#### [Task details]
Copy out each line of the entries below in which the string "associated" appears.

[[ Records to process, beginning ]]

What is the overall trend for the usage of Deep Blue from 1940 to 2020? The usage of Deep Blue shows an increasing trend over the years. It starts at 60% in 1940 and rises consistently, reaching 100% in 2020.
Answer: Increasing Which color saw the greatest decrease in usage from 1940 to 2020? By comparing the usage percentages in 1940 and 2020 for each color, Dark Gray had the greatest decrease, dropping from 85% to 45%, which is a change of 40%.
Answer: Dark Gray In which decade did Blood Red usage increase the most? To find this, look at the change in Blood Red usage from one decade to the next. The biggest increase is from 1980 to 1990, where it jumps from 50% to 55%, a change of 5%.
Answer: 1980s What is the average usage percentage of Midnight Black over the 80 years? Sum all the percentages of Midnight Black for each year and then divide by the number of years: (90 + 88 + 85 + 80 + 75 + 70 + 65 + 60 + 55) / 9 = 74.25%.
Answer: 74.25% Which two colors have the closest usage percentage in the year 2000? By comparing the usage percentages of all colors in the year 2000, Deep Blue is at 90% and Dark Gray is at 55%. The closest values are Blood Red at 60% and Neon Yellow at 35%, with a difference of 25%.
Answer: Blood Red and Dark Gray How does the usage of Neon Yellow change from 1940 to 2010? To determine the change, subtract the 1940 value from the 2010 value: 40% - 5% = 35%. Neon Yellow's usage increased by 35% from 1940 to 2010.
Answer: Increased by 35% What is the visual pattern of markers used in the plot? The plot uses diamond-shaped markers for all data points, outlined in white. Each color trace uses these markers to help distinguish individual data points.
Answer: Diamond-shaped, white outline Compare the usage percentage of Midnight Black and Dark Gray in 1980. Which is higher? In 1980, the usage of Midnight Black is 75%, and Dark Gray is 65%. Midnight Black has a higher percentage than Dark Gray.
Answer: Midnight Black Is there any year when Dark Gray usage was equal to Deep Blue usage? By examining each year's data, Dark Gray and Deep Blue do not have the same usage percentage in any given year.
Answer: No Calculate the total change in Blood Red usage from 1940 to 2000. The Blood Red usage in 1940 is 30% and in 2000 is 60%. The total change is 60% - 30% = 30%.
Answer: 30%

[[ Records to process, end ]]
[[ Records to process, beginning ]]

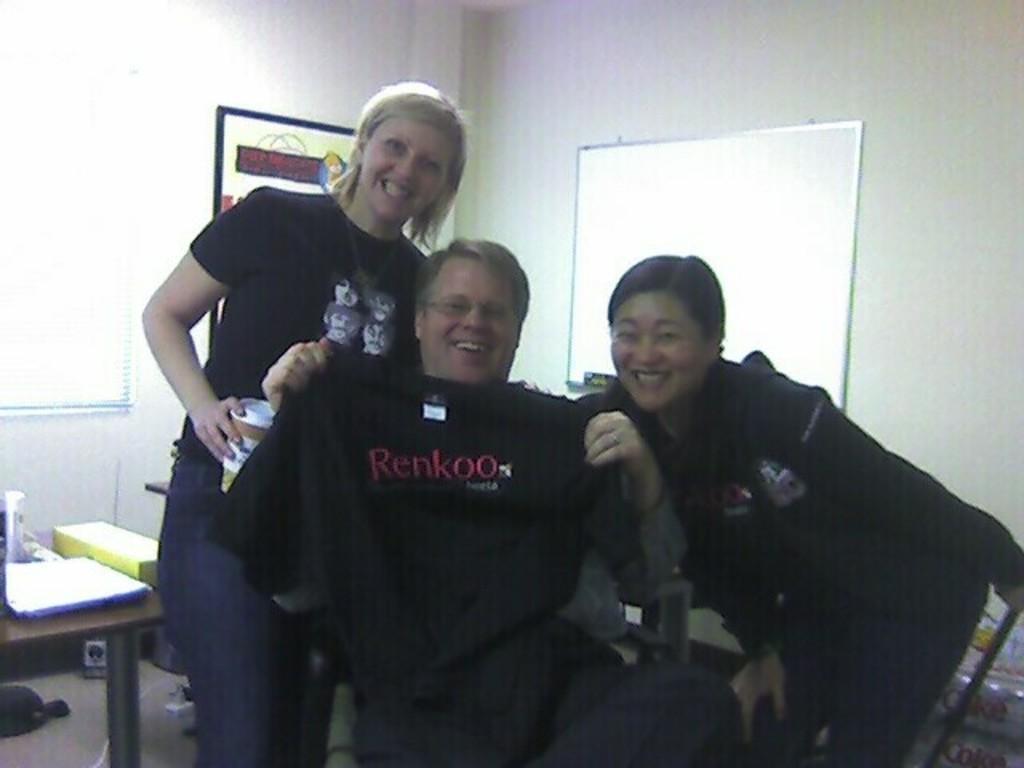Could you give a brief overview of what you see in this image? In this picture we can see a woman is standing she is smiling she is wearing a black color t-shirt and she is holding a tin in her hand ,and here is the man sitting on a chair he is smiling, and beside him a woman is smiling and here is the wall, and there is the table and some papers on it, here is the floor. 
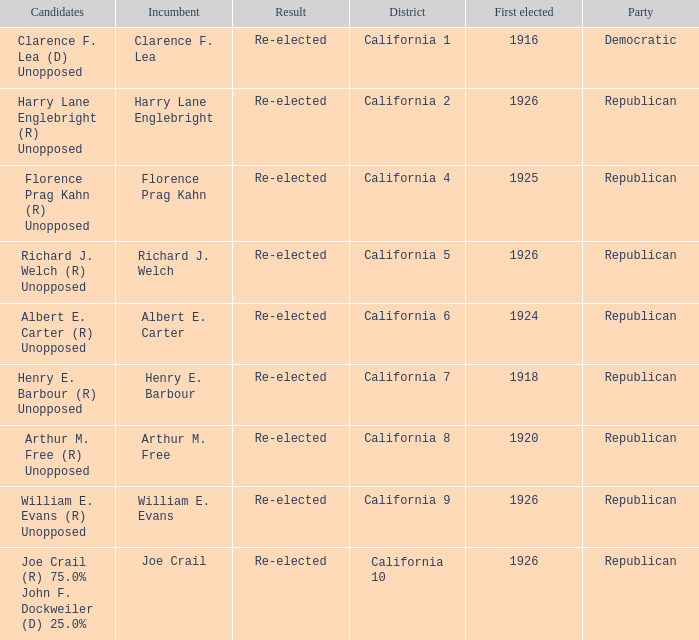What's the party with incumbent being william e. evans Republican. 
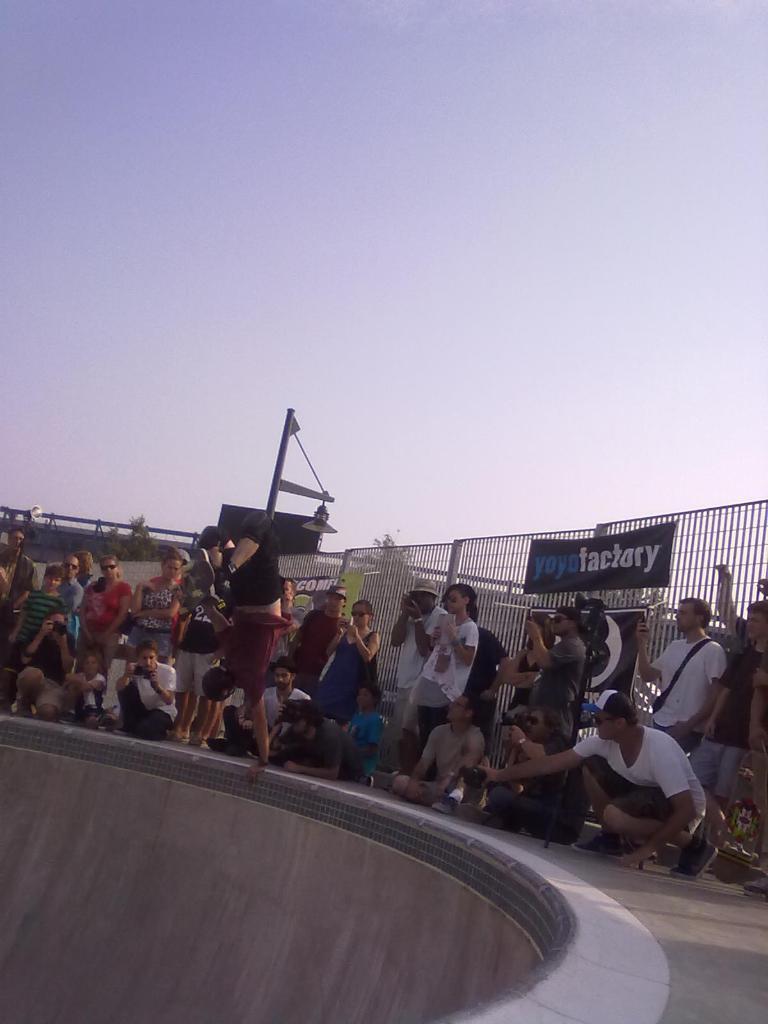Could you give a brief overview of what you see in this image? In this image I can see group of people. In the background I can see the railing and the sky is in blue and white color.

[[ Records to process, end ]]
[[ Records to process, beginning ]]

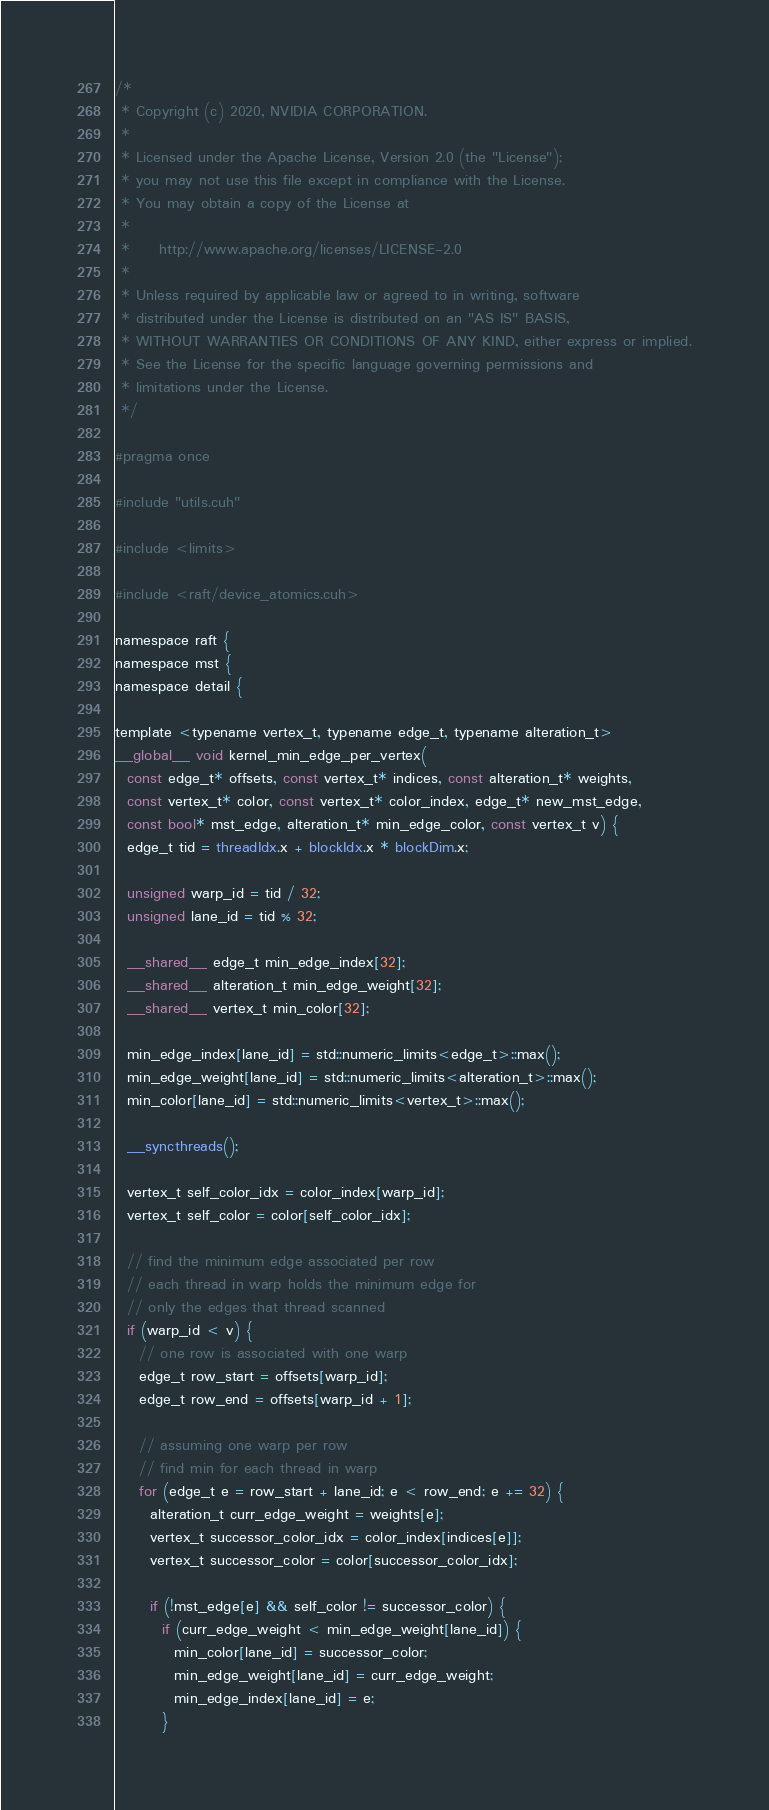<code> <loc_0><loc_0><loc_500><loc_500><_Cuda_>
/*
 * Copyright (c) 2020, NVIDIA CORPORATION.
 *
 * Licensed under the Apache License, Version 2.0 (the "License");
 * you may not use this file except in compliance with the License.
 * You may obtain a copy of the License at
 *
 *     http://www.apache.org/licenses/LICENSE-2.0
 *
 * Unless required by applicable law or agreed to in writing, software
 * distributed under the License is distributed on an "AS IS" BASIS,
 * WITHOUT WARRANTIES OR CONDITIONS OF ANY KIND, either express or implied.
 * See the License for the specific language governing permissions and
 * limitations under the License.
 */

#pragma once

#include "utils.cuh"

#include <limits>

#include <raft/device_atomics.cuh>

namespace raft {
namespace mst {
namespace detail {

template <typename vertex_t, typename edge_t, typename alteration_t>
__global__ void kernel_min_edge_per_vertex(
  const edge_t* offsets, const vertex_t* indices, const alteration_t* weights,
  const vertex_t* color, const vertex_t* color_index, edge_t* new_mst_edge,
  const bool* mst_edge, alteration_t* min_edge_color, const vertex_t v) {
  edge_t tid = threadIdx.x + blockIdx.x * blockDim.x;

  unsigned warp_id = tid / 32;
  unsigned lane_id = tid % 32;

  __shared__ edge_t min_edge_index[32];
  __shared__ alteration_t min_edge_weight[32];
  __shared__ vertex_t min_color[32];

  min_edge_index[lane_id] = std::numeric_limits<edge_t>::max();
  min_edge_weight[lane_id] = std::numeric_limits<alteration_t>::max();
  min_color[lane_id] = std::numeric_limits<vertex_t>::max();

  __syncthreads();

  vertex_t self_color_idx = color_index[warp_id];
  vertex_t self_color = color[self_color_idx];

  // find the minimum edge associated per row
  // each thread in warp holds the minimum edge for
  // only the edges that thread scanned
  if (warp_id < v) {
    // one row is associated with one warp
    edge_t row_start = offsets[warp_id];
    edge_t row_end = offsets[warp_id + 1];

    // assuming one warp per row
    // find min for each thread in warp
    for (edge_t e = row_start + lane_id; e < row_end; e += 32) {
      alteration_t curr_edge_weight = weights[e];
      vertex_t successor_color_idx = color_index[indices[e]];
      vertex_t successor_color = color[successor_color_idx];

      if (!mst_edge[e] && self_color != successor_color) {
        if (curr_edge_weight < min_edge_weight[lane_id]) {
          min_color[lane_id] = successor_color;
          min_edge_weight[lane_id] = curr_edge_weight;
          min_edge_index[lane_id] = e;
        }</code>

[[ Records to process, end ]]

#### [Answer for this exercise]
  // find the minimum edge associated per row
    // one row is associated with one warp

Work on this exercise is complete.